_EXERCISE PROMPT_
Output each record below exactly. No images go in the copy.

___ TASK MATERIAL ___

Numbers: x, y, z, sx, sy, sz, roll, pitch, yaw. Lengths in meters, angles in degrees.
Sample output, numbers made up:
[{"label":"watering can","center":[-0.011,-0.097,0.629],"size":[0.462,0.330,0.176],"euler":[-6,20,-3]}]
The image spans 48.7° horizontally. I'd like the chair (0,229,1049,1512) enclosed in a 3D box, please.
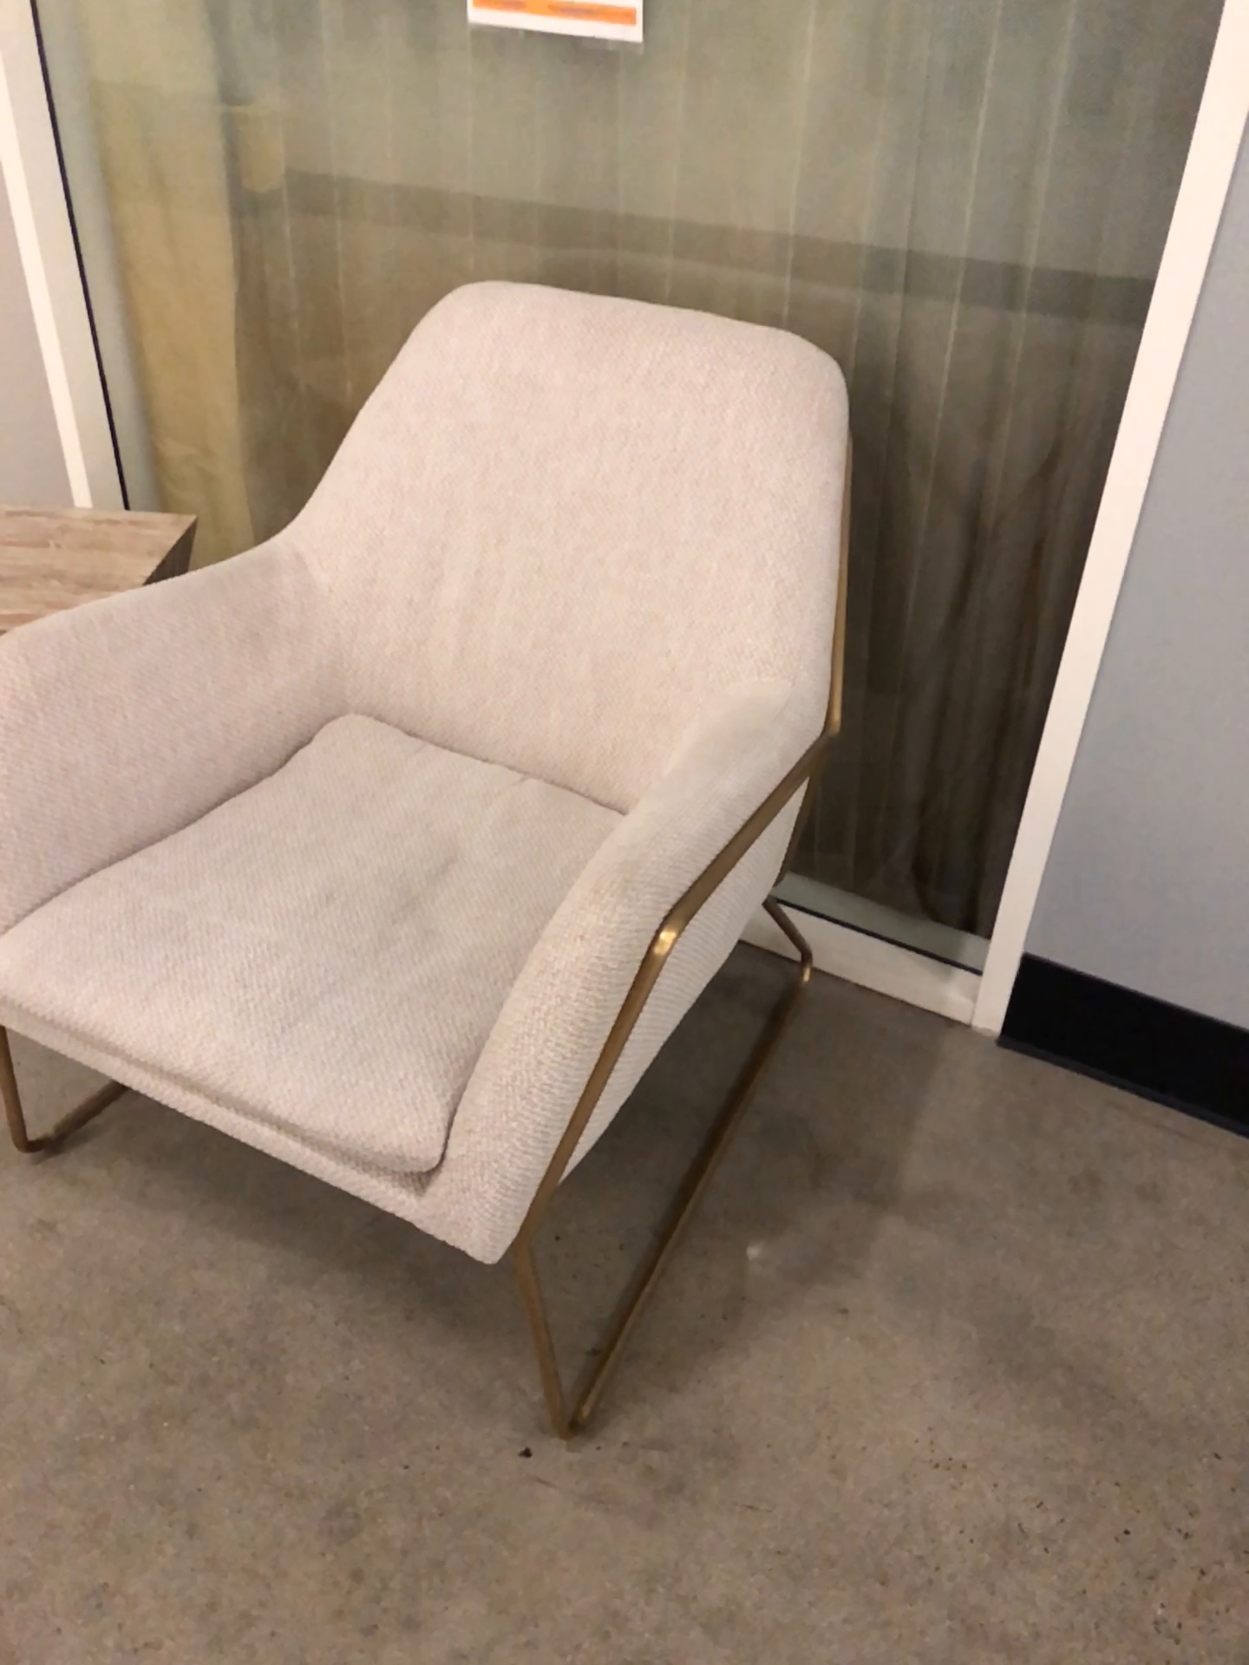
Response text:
[{"label":"chair","center":[-0.157,-0.077,1.474],"size":[0.831,0.816,0.893],"euler":[19,38,22]}]

___

_TASK SOLUTION_
Numbers: x, y, z, sx, sy, sz, roll, pitch, yaw. Lengths in meters, angles in degrees.
Sample output, numbers made up:
[{"label":"watering can","center":[-0.011,-0.097,0.629],"size":[0.462,0.330,0.176],"euler":[-6,20,-3]}]
The image spans 48.7° horizontally. I'd like the chair (0,229,1049,1512) enclosed in a 3D box, please.
Response text:
[{"label":"chair","center":[-0.157,-0.077,1.474],"size":[0.831,0.816,0.893],"euler":[19,38,22]}]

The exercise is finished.